I want my 30-day cash and my KEC to be at least greater than one
so that I know that I can use other people's money, OPM,
to acquire customers.
All right, this is what it looks like visually.
A person comes in the business, let's say I pay,
let's say I pay $200 in CAC.
So I'm now negative $200.
This person now comes into my business.
You know, they've got their little money.
They come into my business.
They decide to give me money, right?
Now at this point, this could be, you know, day one,
and this could be day seven, whatever,
because it depends how long it takes them to give me money, right?
And so maybe the first time they give me money,
they only give me 50 bucks, right?
I'm still negative, but by day 30,
let's say I have another upsell or two,
and at this point now I've made $200 on this customer.
What this means is that now,
I've covered my cost of acquisition,
And then at the end of this point,
I'm going to continue to sell them or they'll continue to buy,
let's say it's on recurring, day 60, day 90, day 120, et cetera.
And I was able to break even to then get all of this money
that happens on the back end for free.
That is the power of this concept.
And so to summarize this, the three numbers
that you need to always know when your marketing
is going to be your CAAC, it's going to be your LTV.
Important point is that it's the gross
not the total revenue and the 30-day cash that you can make per customer and you need to
break-even on 30-day cash to cac and you want this to be at least three times greater than
your cost of acquisition for you to have a viable business and that is the game that I try
to play so anyways I hope that was valuable for you I hope when you're looking at your business
model you're looking at your marketing and you have these metrics you can make decisions
empirically quantitatively and the nice thing is if something's below these metrics
then you just know that you have to fix it.
Is there an upsell?
Or is there some sort of liquidation thing?
Can we give them some sort of special offer in their first week or two?
Can we sell them ancillary products?
And we have an affiliate relation.
Can we refer stuff out in order to increase this 30-day cash number?

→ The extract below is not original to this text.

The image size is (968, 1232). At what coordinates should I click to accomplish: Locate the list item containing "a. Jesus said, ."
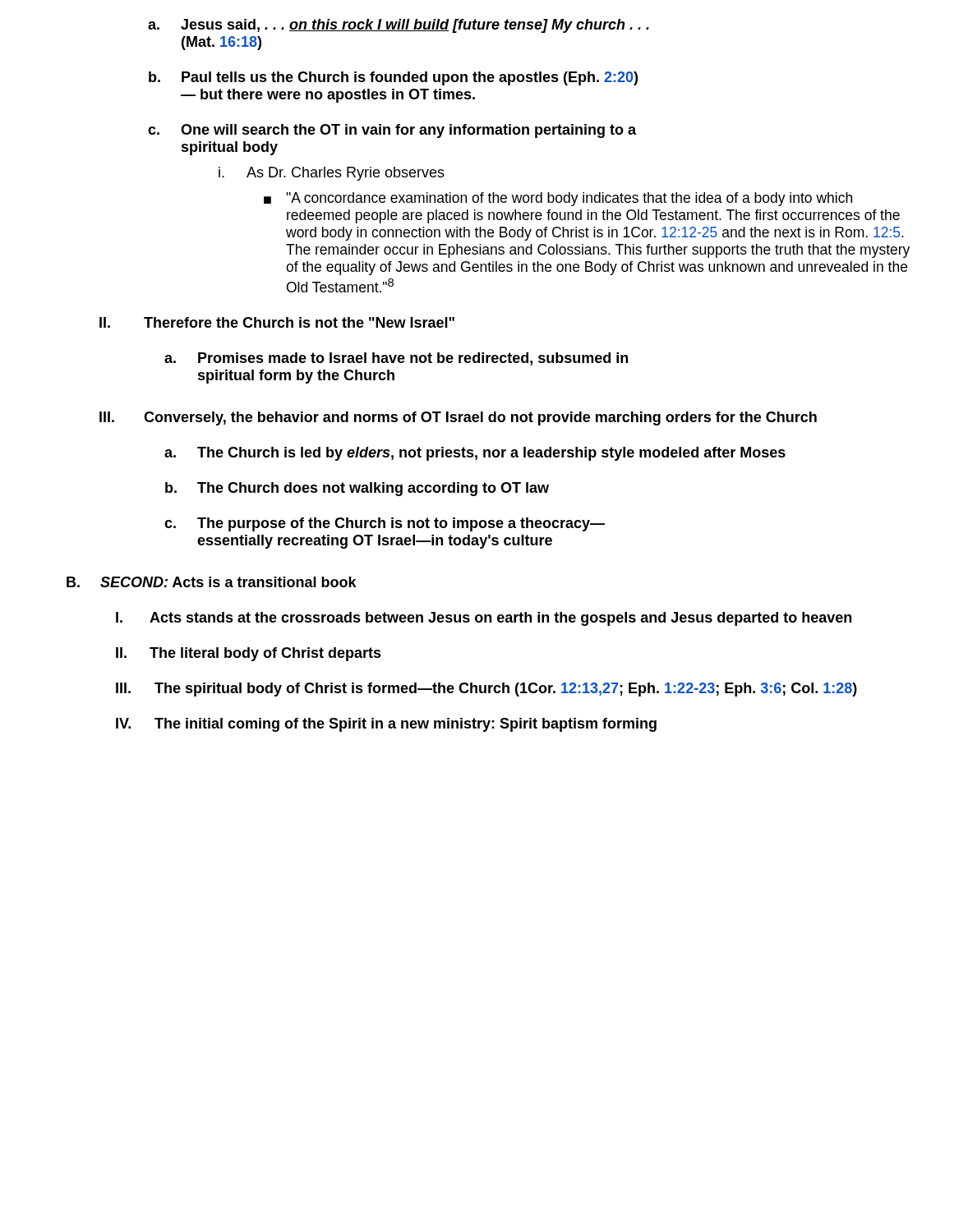[x=399, y=34]

The reason this is important is that if I can make this really, really big,
then it means I can spend more to acquire on customers,
which means I can even open up further my acquisition net and still make more money.
And obviously, the amount that you add your 30-day cash is still going to add into your total lifetime value.
of the customer. So hope that was well before you. Hope this makes sense for your business.
This is how I think through these things and I hope you do too. So anyways, have an amazing
day. Enjoy and I'll see you next video.